Once a claim is flagged, the file goes to the second level: the claims motor department’s experts. Their job is to build a report on the suspicious claim by collecting all available information from the systems. This includes searching for names, details, contracts, previous claims, third parties, witnesses, images, … basically everything that can be connected to that particular claim. Generally, after that exercise they already have a good feeling if something is fishy or not. They package the report with references, sources, and their analysis, and send it to the internal investigators.
Now the interesting bit: once the file arrives in the hands of the investigators, the action starts. Fraud inspectors are much more specialized. They are generally technical inspectors that got their private investigator (PI) license. They will interview people, perform more in-depth analyses, connect more elements, and leverage their network. They see it all. (You cannot imagine the ludicrous cases they sometimes crack.) Once they gathered sufficient evidence proving a fraudulent claim, they’ll write a report and send it to the courts. Sometimes the case is dismissed, either because of a lack of evidence, or because it wasn’t fraudulent.
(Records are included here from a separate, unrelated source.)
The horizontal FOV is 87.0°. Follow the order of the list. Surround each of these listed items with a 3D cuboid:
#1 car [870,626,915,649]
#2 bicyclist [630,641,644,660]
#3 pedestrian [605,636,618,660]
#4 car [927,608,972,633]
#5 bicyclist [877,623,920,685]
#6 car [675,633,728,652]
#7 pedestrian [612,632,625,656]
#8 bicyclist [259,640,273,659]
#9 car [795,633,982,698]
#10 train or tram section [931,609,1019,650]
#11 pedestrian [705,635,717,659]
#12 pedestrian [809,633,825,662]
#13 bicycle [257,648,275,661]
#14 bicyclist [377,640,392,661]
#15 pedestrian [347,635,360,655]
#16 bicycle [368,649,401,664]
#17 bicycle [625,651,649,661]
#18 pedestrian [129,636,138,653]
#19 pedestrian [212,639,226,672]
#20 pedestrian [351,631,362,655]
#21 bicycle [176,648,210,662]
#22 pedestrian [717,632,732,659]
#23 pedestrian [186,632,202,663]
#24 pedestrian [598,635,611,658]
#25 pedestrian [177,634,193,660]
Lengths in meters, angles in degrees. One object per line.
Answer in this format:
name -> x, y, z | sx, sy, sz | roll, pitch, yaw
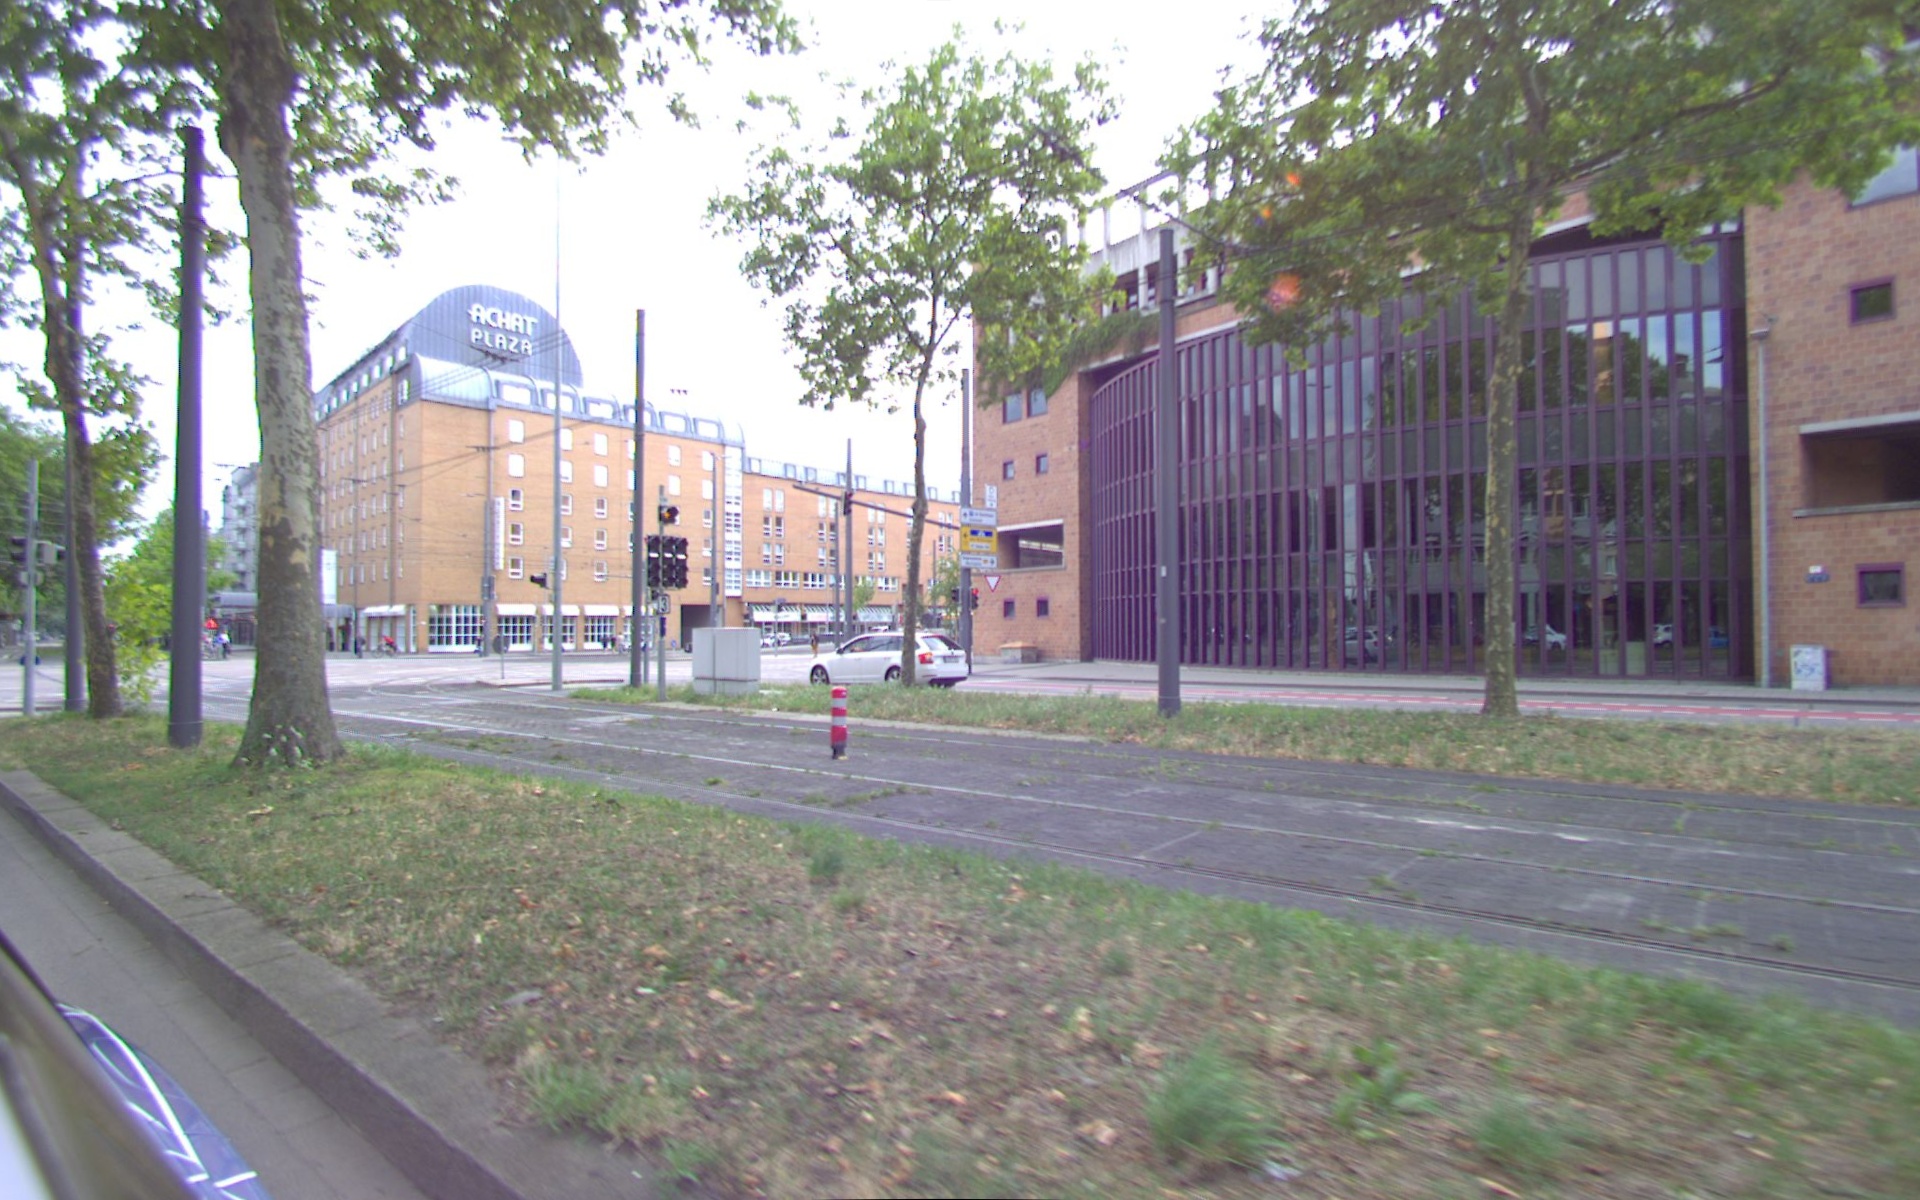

Discussing with experts and investigators, we identified roughly the following fraud categories in non-life insurance:
- Hard Fraud
- Staged accidents, for example, car crashes or fires
- Planned theft
- Soft Fraud
- Missing drivers (or inaccurate principal driver details) to pay lower premiums
- Inaccurate or missing contract details (address, value of goods), also to pay lower premiums
- Over-reporting (opportunity fraud) such as inflating value of lost/stolen goods, or reporting unrelated damages
As you can imagine, the amounts can vary quite a bit from one case to another: between an additional bumper (EUR 300), a burned kitchen (EUR 15k), or a sports car (EUR 100k), the difference can be steep.
For life insurance, you can have other things such as money laundering.
While shadowing our friends in claims management, we ended up:
- measuring how long the different steps of the process took,
- listing the tools that were used to perform the various tasks,
- understand the artifacts collected or created at each step of the process.
Unsurprisingly, the claims management systems were effective for handling individual claims. For collecting ancillary data about the claim, the story is quite different. Claim experts were spending an insane 20 to 30 minutes to collect all available information around a claim when creating the report for fraud inspectors. Most of the data was in the system, but the interface was so cumbersome that it took forever to gather and organize.
We had the data. It was already consolidated in our OCV.
Could we leverage it to:
- Improve the data collection and report creation times?
- Make the report easy to share?
- (Bonus) Define additional red flags based different metrics?
Our team looked at the different ways to visualize data.
The most common way is through tables. Tables are good to browse and filter large amount of structured data. Tables are not good, however, for looking at the relationship between your table elements. Our automated flags were already handling things that tables enabled. We needed something else.
How can we improve relationship discovery?
Think of a (property) graph as a set of nodes (entities, items) and vertices (relationships). If you are familiar with relational databases made of tables: one table is one node type, while your foreign keys are your relationships. The columns in your table are the properties of your nodes or relationships.
You’ve probably noticed that I qualified the graph with the word “property”. There are different ways to represent a graph. One is a property graph. Another common graph representation is RDF.
This is what a typical car insurance graph might look like for a customer. Each node or vertex can have multiple properties (not shown). A dotted vertex indicates an inferred relationship.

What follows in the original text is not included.